Before the execution, the position of the leader is acquired from the location cache based on the partition information involved in the statement to select the execution plan for the corresponding category. In general, an SQL query or DML generates three types of execution plans (ObPhyPlanType ):

  • The local plan indicates that all leaders of partitions to be accessed to execute the statement are on this node.
  • The remote plan indicates that all leaders of partitions are on a remote node.
  • The distributed plan indicates that the leader of a partition is on multiple nodes.

Location cache is an important component of an overall architecture, which is used to find information about partition copies efficiently. It provides a unified interface outside but shields many distributed details. Its body implementation is located in share/partition_table (please see the screenshot). However, the source file sql/ob_sql_partition_location_cache.h covers it and unifies the processing of virtual tables.

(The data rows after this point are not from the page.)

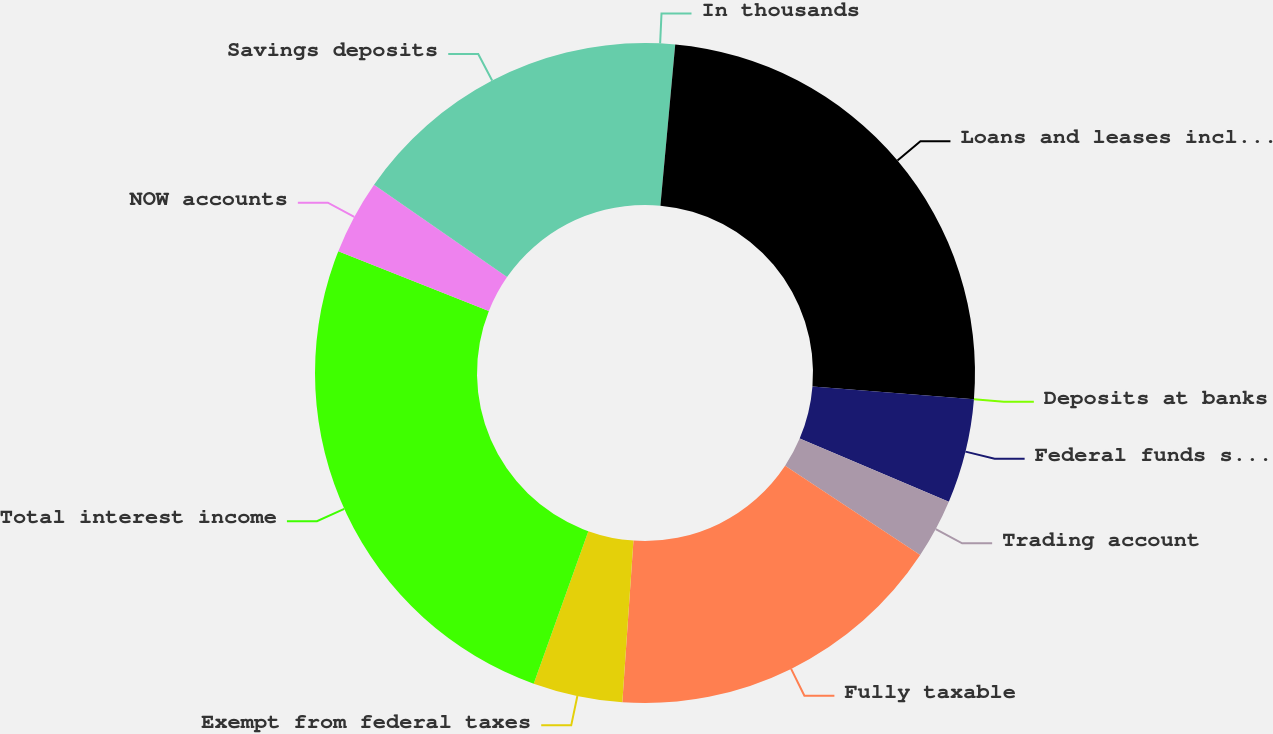Convert chart. <chart><loc_0><loc_0><loc_500><loc_500><pie_chart><fcel>In thousands<fcel>Loans and leases including<fcel>Deposits at banks<fcel>Federal funds sold and resell<fcel>Trading account<fcel>Fully taxable<fcel>Exempt from federal taxes<fcel>Total interest income<fcel>NOW accounts<fcel>Savings deposits<nl><fcel>1.46%<fcel>24.81%<fcel>0.0%<fcel>5.11%<fcel>2.92%<fcel>16.79%<fcel>4.38%<fcel>25.54%<fcel>3.65%<fcel>15.33%<nl></chart> 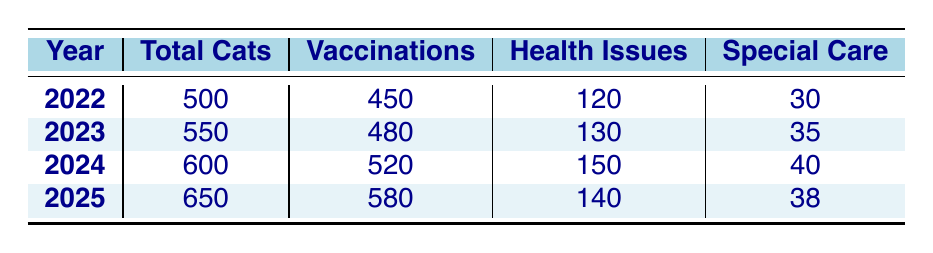What was the total number of cats checked in 2023? The table shows "Total Cats" for 2023 is listed as 550.
Answer: 550 How many vaccinations were administered in 2024? The table states that "Vaccinations" for 2024 is 520.
Answer: 520 Which year had the highest number of cats needing special care? Looking at the "Special Care" column, 2024 has the highest value at 40.
Answer: 2024 What is the difference in the total number of cats checked between 2022 and 2025? The total for 2025 is 650 and for 2022 is 500. The difference is 650 - 500 = 150.
Answer: 150 Did the number of cats with health issues increase every year? Using the "Health Issues" values, they are 120, 130, 150, and 140. The value decreased from 2024 to 2025 (150 to 140), so this statement is false.
Answer: No What percentage of total cats were vaccinated in 2023? The number of vaccinations for 2023 is 480, and the total cats checked is 550. To find the percentage, we calculate (480/550) * 100 ≈ 87.27%.
Answer: 87.27% What trend can be seen in the total number of cats checked from 2022 to 2025? The "Total Cats" figures are increasing: 500 in 2022, 550 in 2023, 600 in 2024, and 650 in 2025, indicating a steady increase each year.
Answer: Steady increase Which year saw the highest number of cats with health issues? The "Health Issues" column shows values of 120, 130, 150, and 140. The highest is in 2024 with 150.
Answer: 2024 How many more vaccinations were given in 2025 compared to 2023? The vaccinations administered in 2025 are 580 and in 2023 are 480. The difference is 580 - 480 = 100.
Answer: 100 Was there a year when the number of cats with health issues was less than 100? Checking the values in the "Health Issues" column, all years have numbers above 100: 120, 130, 150, and 140. So, the answer is false.
Answer: No 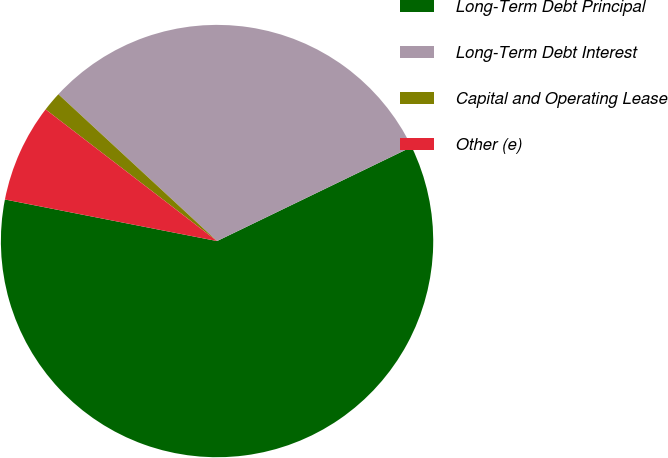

Transaction control calls often involve a variety of factors:

  • Statement type (read-only or not)
  • Transaction type (whether to automatically commit and whether to read with weak consistency)
  • Current transaction status and type of execution plan

For example, for the local plan, the transaction commits automatically and is executed on the code in order start_transstart_stmtstart_participantend_participantend_stmtend trans. For the remote plan, the transaction commits automatically. The interfaces above are all executed on the remote node. For the distributed execution plan, start/end_stmt is executed on this node while start/end_participant is executed on the node where each partition leader is located. This set of interfaces is designed to balance simplifying transaction interfaces and optimizing transaction performance by scenario.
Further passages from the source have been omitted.